Records excerpted from a collection:

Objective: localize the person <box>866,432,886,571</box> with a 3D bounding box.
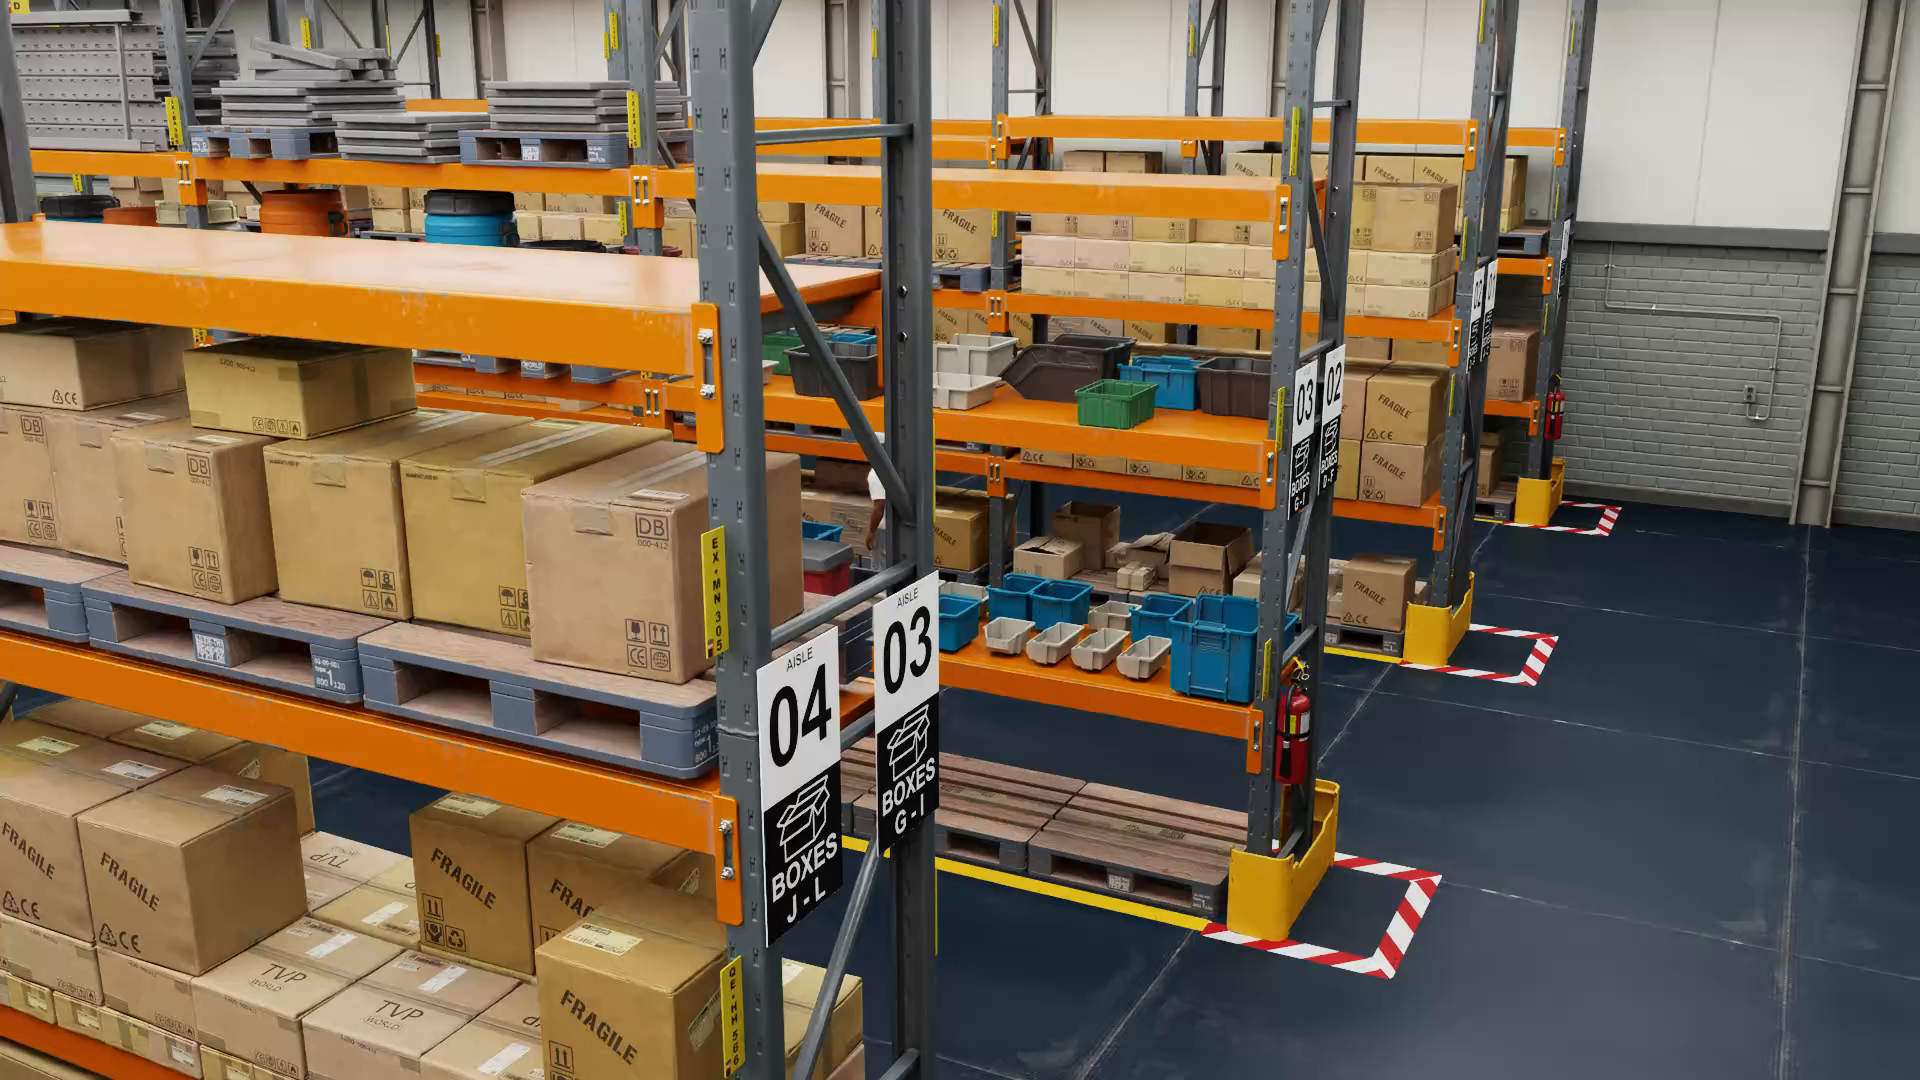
[{"bbox_3d":[-0.641,-0.135,14.477,0.458,1.760,0.635,7,17,23],"label":"person"}]
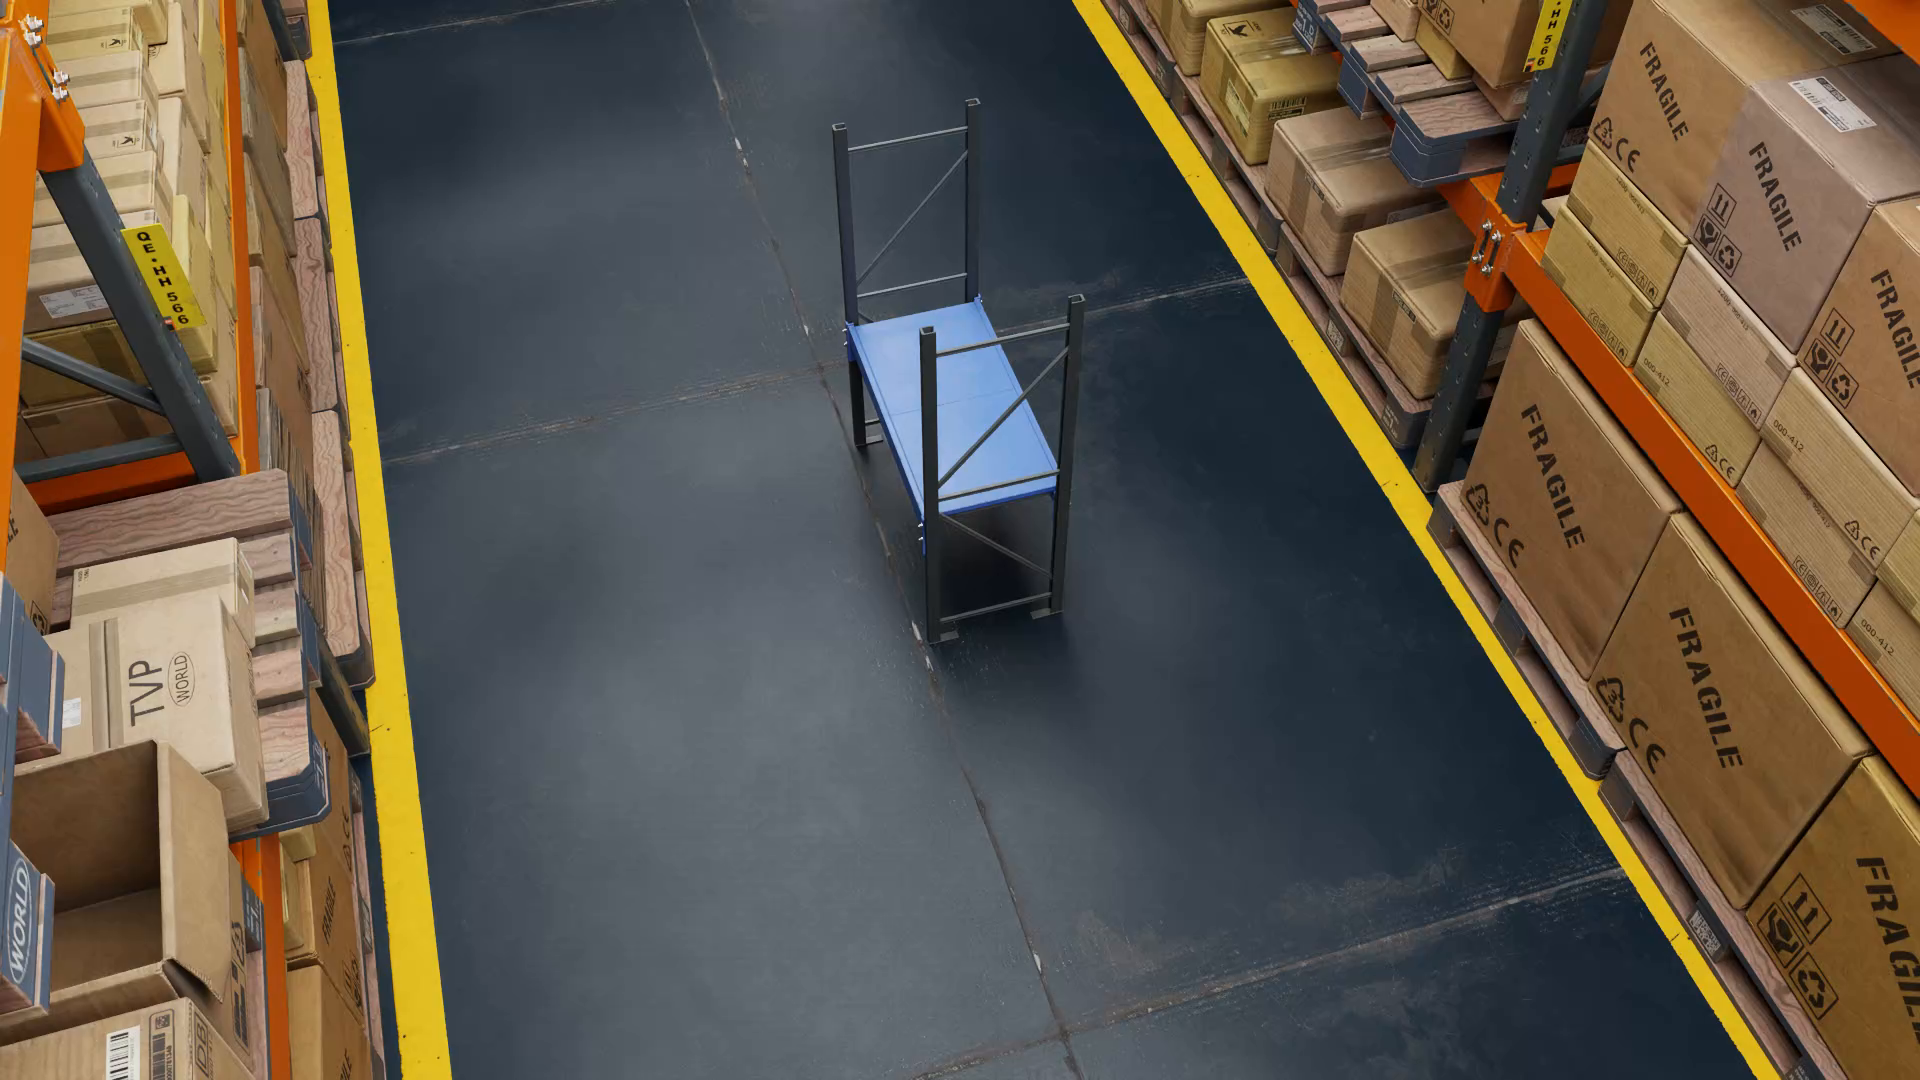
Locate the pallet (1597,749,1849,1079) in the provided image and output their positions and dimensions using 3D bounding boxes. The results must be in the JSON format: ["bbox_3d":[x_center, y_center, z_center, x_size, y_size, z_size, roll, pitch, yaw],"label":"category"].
[{"bbox_3d":[2.767,1.085,5.197,1.003,0.211,1.213,-13,51,-11],"label":"pallet"}]

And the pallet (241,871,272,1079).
[{"bbox_3d":[-1.912,1.310,3.309,1.003,0.211,1.213,-13,51,-11],"label":"pallet"}]

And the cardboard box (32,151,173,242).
[{"bbox_3d":[-2.385,-0.907,4.563,0.380,0.149,0.250,-12,51,-10],"label":"cardboard box"}]

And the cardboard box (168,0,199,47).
[{"bbox_3d":[-2.850,-1.783,5.562,0.500,0.250,0.500,-13,51,-10],"label":"cardboard box"}]

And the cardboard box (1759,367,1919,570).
[{"bbox_3d":[2.450,-0.239,4.260,0.500,0.250,0.500,-13,51,-11],"label":"cardboard box"}]

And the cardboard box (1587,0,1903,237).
[{"bbox_3d":[2.161,-1.235,4.610,0.500,0.500,0.500,-15,51,-12],"label":"cardboard box"}]

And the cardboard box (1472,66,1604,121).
[{"bbox_3d":[1.927,-1.537,5.473,0.380,0.149,0.250,-12,51,-10],"label":"cardboard box"}]

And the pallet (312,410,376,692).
[{"bbox_3d":[-2.698,0.117,6.013,1.003,0.211,1.213,-13,51,-11],"label":"pallet"}]

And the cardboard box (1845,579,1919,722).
[{"bbox_3d":[2.621,0.282,4.149,0.500,0.250,0.500,-13,51,-11],"label":"cardboard box"}]

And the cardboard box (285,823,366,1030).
[{"bbox_3d":[-2.024,1.127,4.698,0.500,0.500,0.500,-14,51,-12],"label":"cardboard box"}]

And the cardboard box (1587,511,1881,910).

Exercise aim:
An exact copy of every record above is required, with all pictures omitted.

Task result:
Objective: localize the person <box>866,432,886,571</box> with a 3D bounding box.
[{"bbox_3d":[-0.641,-0.135,14.477,0.458,1.760,0.635,7,17,23],"label":"person"}]
Locate the pallet (1597,749,1849,1079) in the provided image and output their positions and dimensions using 3D bounding boxes. The results must be in the JSON format: ["bbox_3d":[x_center, y_center, z_center, x_size, y_size, z_size, roll, pitch, yaw],"label":"category"].
[{"bbox_3d":[2.767,1.085,5.197,1.003,0.211,1.213,-13,51,-11],"label":"pallet"}]

And the pallet (241,871,272,1079).
[{"bbox_3d":[-1.912,1.310,3.309,1.003,0.211,1.213,-13,51,-11],"label":"pallet"}]

And the cardboard box (32,151,173,242).
[{"bbox_3d":[-2.385,-0.907,4.563,0.380,0.149,0.250,-12,51,-10],"label":"cardboard box"}]

And the cardboard box (168,0,199,47).
[{"bbox_3d":[-2.850,-1.783,5.562,0.500,0.250,0.500,-13,51,-10],"label":"cardboard box"}]

And the cardboard box (1759,367,1919,570).
[{"bbox_3d":[2.450,-0.239,4.260,0.500,0.250,0.500,-13,51,-11],"label":"cardboard box"}]

And the cardboard box (1587,0,1903,237).
[{"bbox_3d":[2.161,-1.235,4.610,0.500,0.500,0.500,-15,51,-12],"label":"cardboard box"}]

And the cardboard box (1472,66,1604,121).
[{"bbox_3d":[1.927,-1.537,5.473,0.380,0.149,0.250,-12,51,-10],"label":"cardboard box"}]

And the pallet (312,410,376,692).
[{"bbox_3d":[-2.698,0.117,6.013,1.003,0.211,1.213,-13,51,-11],"label":"pallet"}]

And the cardboard box (1845,579,1919,722).
[{"bbox_3d":[2.621,0.282,4.149,0.500,0.250,0.500,-13,51,-11],"label":"cardboard box"}]

And the cardboard box (285,823,366,1030).
[{"bbox_3d":[-2.024,1.127,4.698,0.500,0.500,0.500,-14,51,-12],"label":"cardboard box"}]

And the cardboard box (1587,511,1881,910).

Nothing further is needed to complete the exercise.